Segment Start: Task material

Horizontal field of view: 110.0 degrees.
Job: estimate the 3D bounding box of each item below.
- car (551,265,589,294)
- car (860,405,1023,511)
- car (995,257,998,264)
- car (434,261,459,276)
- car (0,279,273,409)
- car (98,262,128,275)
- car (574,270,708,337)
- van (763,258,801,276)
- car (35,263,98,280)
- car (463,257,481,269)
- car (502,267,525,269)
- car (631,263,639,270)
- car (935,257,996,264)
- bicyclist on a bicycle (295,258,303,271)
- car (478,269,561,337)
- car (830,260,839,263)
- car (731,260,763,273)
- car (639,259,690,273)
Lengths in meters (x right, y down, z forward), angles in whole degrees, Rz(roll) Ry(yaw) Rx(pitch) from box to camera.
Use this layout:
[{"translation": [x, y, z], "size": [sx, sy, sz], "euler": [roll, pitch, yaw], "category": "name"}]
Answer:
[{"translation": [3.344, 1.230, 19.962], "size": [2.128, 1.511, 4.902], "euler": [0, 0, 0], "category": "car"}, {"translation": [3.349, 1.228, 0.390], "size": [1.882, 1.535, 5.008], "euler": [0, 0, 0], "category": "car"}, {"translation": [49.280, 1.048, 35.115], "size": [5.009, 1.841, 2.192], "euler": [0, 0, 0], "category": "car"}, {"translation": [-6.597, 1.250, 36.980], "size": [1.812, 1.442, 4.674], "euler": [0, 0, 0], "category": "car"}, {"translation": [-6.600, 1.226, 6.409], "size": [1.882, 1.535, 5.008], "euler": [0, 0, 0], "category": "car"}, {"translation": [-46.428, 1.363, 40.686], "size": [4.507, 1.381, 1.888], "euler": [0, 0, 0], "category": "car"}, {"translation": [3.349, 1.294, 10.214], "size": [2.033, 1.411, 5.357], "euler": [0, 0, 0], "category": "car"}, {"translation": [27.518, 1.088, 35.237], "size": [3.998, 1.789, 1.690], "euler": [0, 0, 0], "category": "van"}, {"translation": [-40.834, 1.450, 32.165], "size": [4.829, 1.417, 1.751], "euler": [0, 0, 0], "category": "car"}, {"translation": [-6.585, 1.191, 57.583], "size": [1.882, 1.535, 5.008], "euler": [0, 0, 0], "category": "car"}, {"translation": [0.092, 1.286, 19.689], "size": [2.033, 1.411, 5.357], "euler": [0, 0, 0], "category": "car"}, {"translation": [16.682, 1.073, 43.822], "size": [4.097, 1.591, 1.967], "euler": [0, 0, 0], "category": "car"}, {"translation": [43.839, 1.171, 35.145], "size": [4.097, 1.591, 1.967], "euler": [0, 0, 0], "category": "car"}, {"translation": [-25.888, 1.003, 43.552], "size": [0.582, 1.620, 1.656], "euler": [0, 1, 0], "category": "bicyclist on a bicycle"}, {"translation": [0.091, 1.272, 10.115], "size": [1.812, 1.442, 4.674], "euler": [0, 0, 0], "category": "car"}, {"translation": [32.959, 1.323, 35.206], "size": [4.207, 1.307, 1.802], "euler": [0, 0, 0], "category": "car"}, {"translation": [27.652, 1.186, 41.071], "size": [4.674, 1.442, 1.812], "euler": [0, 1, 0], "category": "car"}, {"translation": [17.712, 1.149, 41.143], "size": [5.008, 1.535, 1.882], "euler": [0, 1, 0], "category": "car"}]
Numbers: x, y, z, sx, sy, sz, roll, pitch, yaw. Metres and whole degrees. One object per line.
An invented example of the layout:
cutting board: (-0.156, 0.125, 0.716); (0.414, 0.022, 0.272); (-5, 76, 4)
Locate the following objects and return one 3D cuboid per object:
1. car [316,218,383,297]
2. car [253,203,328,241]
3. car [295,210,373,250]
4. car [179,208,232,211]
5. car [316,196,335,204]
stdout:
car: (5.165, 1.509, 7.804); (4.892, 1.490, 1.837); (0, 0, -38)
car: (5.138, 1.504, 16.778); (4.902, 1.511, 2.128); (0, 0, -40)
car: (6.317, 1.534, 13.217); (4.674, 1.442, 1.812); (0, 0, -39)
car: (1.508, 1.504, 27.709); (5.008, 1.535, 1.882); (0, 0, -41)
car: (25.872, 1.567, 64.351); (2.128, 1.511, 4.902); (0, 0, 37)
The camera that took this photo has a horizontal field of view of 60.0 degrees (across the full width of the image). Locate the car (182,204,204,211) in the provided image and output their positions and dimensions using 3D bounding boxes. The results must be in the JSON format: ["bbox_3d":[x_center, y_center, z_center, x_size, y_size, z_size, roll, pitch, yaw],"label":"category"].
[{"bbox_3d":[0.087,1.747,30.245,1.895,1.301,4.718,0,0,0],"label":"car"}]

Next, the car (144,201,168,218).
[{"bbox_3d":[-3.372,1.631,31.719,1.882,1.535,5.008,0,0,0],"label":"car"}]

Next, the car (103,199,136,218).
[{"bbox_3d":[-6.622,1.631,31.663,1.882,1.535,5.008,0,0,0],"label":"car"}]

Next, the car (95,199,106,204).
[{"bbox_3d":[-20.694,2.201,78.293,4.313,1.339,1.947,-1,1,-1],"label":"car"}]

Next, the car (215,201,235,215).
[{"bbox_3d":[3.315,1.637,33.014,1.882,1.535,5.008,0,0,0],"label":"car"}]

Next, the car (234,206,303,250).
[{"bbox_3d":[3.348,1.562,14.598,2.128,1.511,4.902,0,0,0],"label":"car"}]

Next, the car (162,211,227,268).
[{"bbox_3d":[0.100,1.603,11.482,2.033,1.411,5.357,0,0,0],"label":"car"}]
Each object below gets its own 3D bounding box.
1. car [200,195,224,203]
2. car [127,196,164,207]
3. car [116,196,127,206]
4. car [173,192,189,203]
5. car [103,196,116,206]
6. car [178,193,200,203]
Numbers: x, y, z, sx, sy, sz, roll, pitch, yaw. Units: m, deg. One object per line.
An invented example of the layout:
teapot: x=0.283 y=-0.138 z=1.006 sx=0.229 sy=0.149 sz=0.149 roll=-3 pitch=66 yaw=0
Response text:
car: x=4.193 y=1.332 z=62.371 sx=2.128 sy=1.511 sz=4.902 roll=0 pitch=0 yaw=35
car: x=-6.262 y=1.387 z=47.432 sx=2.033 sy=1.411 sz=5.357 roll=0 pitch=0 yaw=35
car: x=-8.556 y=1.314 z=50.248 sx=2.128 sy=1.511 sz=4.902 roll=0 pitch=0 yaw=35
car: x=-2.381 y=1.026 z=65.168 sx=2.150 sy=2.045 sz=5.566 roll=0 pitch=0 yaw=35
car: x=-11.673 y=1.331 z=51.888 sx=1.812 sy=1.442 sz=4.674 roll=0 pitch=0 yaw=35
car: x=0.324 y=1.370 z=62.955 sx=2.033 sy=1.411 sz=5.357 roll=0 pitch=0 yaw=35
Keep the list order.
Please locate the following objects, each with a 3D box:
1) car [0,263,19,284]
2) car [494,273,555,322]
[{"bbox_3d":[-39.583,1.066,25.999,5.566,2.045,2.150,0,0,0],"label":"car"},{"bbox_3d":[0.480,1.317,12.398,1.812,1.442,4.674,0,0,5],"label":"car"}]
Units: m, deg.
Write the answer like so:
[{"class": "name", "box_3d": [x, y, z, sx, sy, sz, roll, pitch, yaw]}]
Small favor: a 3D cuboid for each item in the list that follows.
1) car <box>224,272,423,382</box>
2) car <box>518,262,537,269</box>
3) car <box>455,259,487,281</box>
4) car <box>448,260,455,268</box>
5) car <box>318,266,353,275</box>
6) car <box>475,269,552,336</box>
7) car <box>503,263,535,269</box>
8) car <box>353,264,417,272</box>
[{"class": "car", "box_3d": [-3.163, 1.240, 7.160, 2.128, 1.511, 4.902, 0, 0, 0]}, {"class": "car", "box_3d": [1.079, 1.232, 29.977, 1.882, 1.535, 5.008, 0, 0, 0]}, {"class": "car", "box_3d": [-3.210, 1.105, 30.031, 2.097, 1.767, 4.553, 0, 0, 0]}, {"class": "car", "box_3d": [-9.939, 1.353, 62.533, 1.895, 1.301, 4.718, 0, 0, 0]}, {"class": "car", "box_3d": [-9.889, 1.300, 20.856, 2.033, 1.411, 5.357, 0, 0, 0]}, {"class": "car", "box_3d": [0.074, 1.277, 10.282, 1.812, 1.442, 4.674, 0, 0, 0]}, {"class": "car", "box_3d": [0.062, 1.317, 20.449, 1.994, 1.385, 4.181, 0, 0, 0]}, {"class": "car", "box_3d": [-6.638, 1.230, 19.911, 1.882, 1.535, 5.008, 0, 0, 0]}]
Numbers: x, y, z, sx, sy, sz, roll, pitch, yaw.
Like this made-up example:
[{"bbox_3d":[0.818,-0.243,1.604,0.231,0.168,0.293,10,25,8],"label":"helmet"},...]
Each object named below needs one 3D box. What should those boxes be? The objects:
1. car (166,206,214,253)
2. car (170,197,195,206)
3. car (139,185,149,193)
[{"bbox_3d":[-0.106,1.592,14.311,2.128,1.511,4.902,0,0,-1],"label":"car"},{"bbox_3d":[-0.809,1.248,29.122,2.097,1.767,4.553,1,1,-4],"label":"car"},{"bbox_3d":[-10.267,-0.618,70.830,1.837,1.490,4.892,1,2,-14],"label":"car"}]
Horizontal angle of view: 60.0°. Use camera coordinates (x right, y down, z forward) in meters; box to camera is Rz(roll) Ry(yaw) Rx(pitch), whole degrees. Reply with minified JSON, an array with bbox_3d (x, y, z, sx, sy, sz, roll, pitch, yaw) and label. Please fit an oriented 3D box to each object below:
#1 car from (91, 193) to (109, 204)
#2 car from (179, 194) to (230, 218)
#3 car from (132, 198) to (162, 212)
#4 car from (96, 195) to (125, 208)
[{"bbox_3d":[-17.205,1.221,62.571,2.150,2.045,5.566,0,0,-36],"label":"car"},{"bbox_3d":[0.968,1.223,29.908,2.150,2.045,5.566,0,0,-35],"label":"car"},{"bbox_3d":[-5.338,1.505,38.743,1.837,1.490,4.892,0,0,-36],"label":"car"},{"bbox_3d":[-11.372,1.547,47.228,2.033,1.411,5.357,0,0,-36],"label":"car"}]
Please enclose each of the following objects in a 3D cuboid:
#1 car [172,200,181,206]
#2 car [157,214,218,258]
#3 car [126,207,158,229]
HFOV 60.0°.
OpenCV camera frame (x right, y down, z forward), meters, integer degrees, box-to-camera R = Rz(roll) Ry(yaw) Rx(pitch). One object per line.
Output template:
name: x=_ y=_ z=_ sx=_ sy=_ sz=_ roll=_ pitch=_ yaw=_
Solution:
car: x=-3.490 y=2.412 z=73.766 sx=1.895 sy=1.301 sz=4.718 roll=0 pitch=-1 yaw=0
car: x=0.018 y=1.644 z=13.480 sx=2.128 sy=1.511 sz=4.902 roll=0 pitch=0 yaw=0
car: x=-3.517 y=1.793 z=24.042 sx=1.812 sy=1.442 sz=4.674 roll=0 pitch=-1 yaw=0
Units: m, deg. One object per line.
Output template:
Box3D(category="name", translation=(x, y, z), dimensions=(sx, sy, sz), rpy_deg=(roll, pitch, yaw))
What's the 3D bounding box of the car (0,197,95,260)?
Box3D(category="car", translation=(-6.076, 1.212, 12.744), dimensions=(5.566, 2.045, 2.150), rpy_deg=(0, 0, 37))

Segment End: Task material

■ Exercise instructions:
Going down the listing above, begin printing at the line with "6) car <box>475,269,552,336</box>" and finish with the line with "7) car <box>503,263,535,269</box>", exactly as they appear.

■ Expected answer:
6) car <box>475,269,552,336</box>
7) car <box>503,263,535,269</box>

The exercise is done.